IOWA PUBLIC SERVICE COMPANY, Iowa Southern Utilities
Company, Iowa Power and Light Company and
Iowa-Illinois Gas and Electric Company, Appellants,
v.
MEDICINE BOW COAL COMPANY, Dana Coal Company and Hanna Basin
Coal Company, Appellees.

No. 77-1040.

United States Court of Appeals,
Eighth Circuit.

Submitted May 19, 1977.
Decided June 8, 1977.

Anthony J. Stoik, Sioux City, Iowa, for appellants; Marvin J. Klass and Robert D. Mishne, Sioux City, Iowa, on brief.

Thomas C. Walsh, St. Louis, Mo., for appellees; Robert M. Lucy and William F. Tracy II, St. Louis, Mo., on brief.

Before HEANEY, BRIGHT and HENLEY, Circuit Judges.

HENLEY, Circuit Judge.

This case presents an interesting and somewhat unusual problem concerning the jurisdiction of a federal district court with respect to a case removed to it from a state court on the ground of diversity of citizenship. 28 U.S.C. § 1441(a).

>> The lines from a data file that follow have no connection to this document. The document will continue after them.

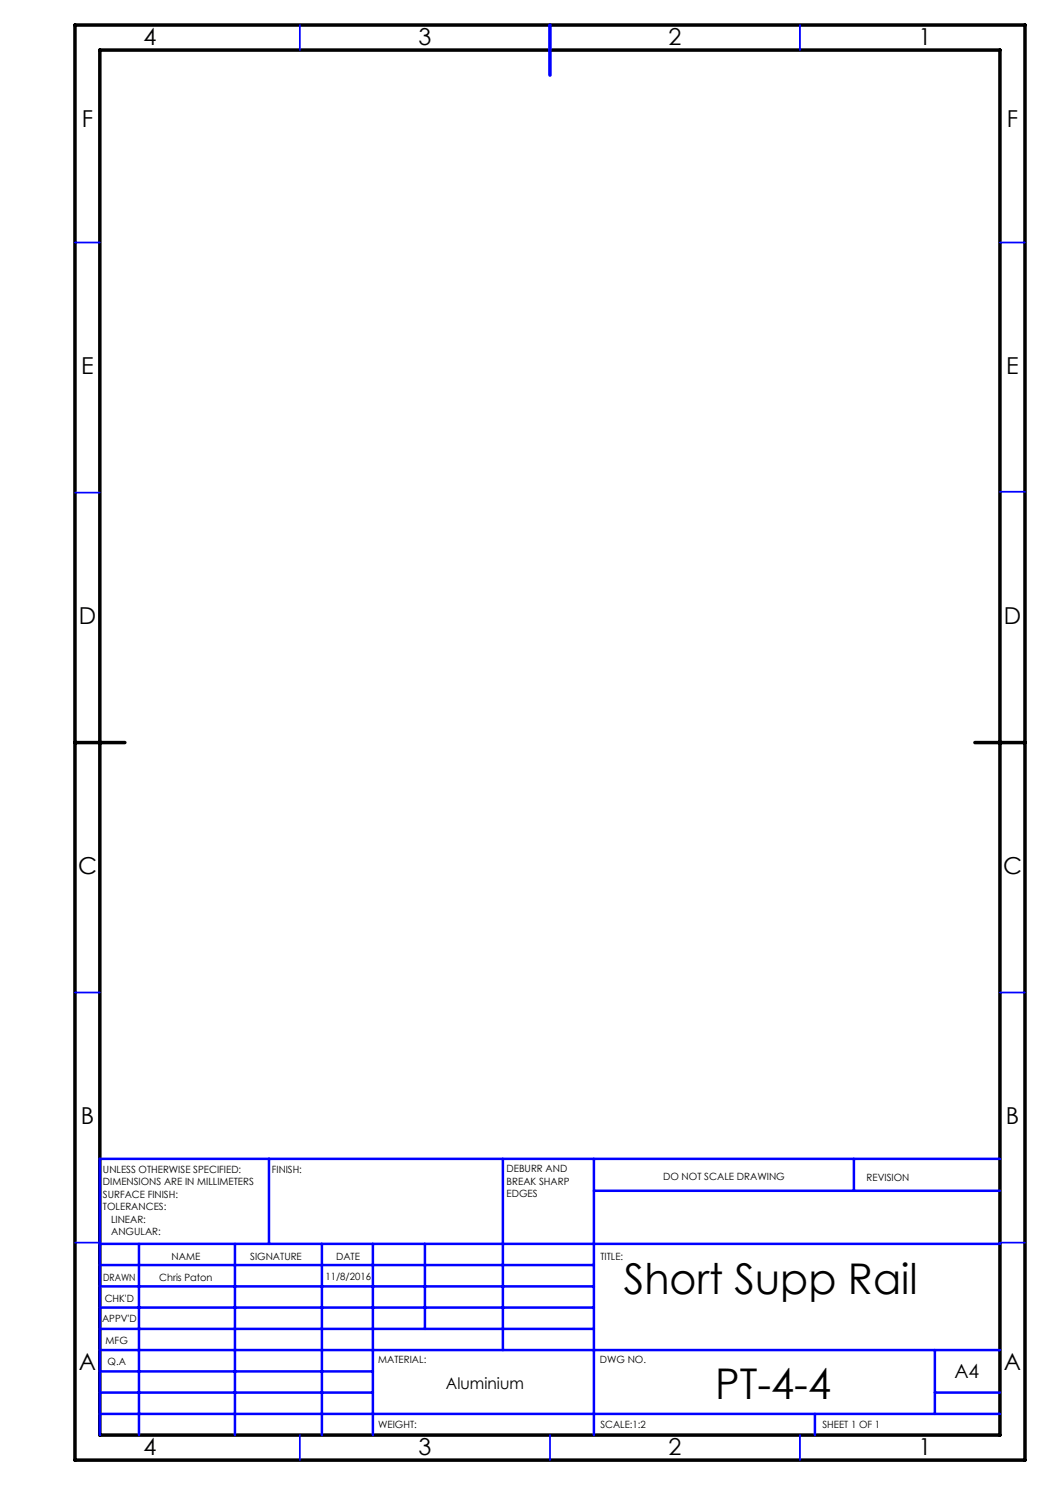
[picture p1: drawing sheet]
<svg xmlns="http://www.w3.org/2000/svg" width="210mm" height="297mm" viewBox="0 0 210 297" stroke-linecap="round" stroke-linejoin="round" font-family="sans-serif">
<defs><g id="words">
<g font-size="8.5">
<text x="124.8" y="258.8">Short Supp Rail</text>
<text x="143" y="279.7">PT-4-4</text>
</g>
<g font-size="4.7">
<text x="28.7" y="9">4</text>
<text x="83.7" y="9">3</text>
<text x="133.7" y="9">2</text>
<text x="183.7" y="9">1</text>
<text x="16.4" y="25.5">F</text>
<text x="201.4" y="25.5">F</text>
<text x="16.2" y="74.7">E</text>
<text x="201.2" y="74.7">E</text>
<text x="15.8" y="124.8">D</text>
<text x="200.8" y="124.8">D</text>
<text x="15.6" y="174.8">C</text>
<text x="200.6" y="174.8">C</text>
<text x="16.2" y="224.7">B</text>
<text x="201.2" y="224.7">B</text>
<text x="15.8" y="274">A</text>
<text x="200.8" y="274">A</text>
<text x="28.7" y="291">4</text>
<text x="83.7" y="291">3</text>
<text x="133.7" y="291">2</text>
<text x="183.7" y="291">1</text>
</g>
<text font-size="3.9" x="190.9" y="275.5">A4</text>
<text font-size="3.2" x="89.2" y="277.9">Aluminium</text>
<g font-size="2">
<text x="20.6" y="234.6">UNLESS OTHERWISE SPECIFIED:</text>
<text x="20.6" y="237.1">DIMENSIONS ARE IN MILLIMETERS</text>
<text x="20.6" y="239.6">SURFACE FINISH:</text>
<text x="54.4" y="234.6">FINISH:</text>
<text x="101.3" y="234.5">DEBURR AND</text>
<text x="101.3" y="237">BREAK SHARP</text>
<text x="101.3" y="239.5">EDGES</text>
<text x="132.6" y="236">DO NOT SCALE DRAWING</text>
<text x="173.3" y="236.2">REVISION</text>
<text x="20.6" y="242.1">TOLERANCES:</text>
<text x="22.2" y="244.6">LINEAR:</text>
<text x="22.2" y="247.1">ANGULAR:</text>
<text x="34.3" y="252">NAME</text>
<text x="50" y="251.9">SIGNATURE</text>
<text x="67.2" y="251.9">DATE</text>
<text x="120.1" y="251.9">TITLE:</text>
<text x="20.6" y="256.1">DRAWN</text>
<text x="31.8" y="256.1">Chris Paton</text>
<text x="65.1" y="255.9">11/8/2016</text>
<text x="20.9" y="260.3">CHK'D</text>
<text x="20.4" y="264.4">APPV'D</text>
<text x="21.1" y="268.8">MFG</text>
<text x="21.5" y="273">Q.A</text>
<text x="75.6" y="272.5">MATERIAL:</text>
<text x="120" y="272.5">DWG NO.</text>
<text x="75.6" y="285.5">WEIGHT:</text>
<text x="120.1" y="285.6">SCALE:1:2</text>
<text x="164.5" y="285.6">SHEET 1 OF 1</text>
</g>
</g></defs>
<path d="M15 5h190v287h-190zM20 10h180v277h-180zM15 148.5h10M195 148.5h10" fill="none" stroke="#000" stroke-width=".7"/>
<g fill="none" stroke="#00f" stroke-width=".35">
<path d="M60 5v5M160 5v5M15 48.5h5M200 48.5h5M15 98.5h5M200 98.4h5M15 198.5h5M200 198.5h5M15 248.5h5M200 248.5h5M60 287v5M110 287v5"/>
<path d="M160 287v5"/>
</g>
<g fill="none" stroke="#00f" stroke-width=".5">
<path d="M53.8 231.8v17M100.6 231.8v38.2M118.8 231.8v55.2M118.8 238.2h81.2M170.8 231.8v6.4M200 231.8h-180v55.2M20 248.8h180M20 257.3h98.8M20 253h98.8M27.8 248.8v38.2M47 248.8v38.2M64.4 248.8v38.2"/>
<path d="M74.6 248.8v38.2M85 248.8v17M20 265.8h98.8M20 261.5h98.8M20 278.5h54.6M20 274.3h54.6M20 270h180M187 278.5h13M187 270v12.8M20 282.8h180M163 282.8v4.2"/>
</g>
<path d="M110 5v10" fill="none" stroke="#00f" stroke-width=".7"/>
<use href="#words"/>
</svg>

Plaintiffs Iowa Public Service Company (IPS), Iowa Southern Utilities Company (Iowa Southern), Iowa Power and Light Company (IPL) and Iowa-Illinois Gas and Electric Company (Iowa-Illinois), appeal from three orders entered in January of the current year by the United States District Court for the Northern District of Iowa (Judge Edward J. McManus), dismissing from the case as plaintiffs Iowa Southern, IPL and Iowa-Illinois, and leaving the case as a controversy between IPS, an Iowa corporation having its principal place of business in Iowa, on the one hand, and the defendants Medicine Bow Coal Company, Dana Coal Company and Hanna Basin Coal Company, all of which for jurisdictional purposes are citizens of states other than Iowa.1

In connection with each of the orders that have been mentioned the district court determined, as provided by Fed.R.Civ.P. 54(b), that there was no just reason for delay and directed that the judgments be entered. Appellate jurisdiction is based on 28 U.S.C. § 1291.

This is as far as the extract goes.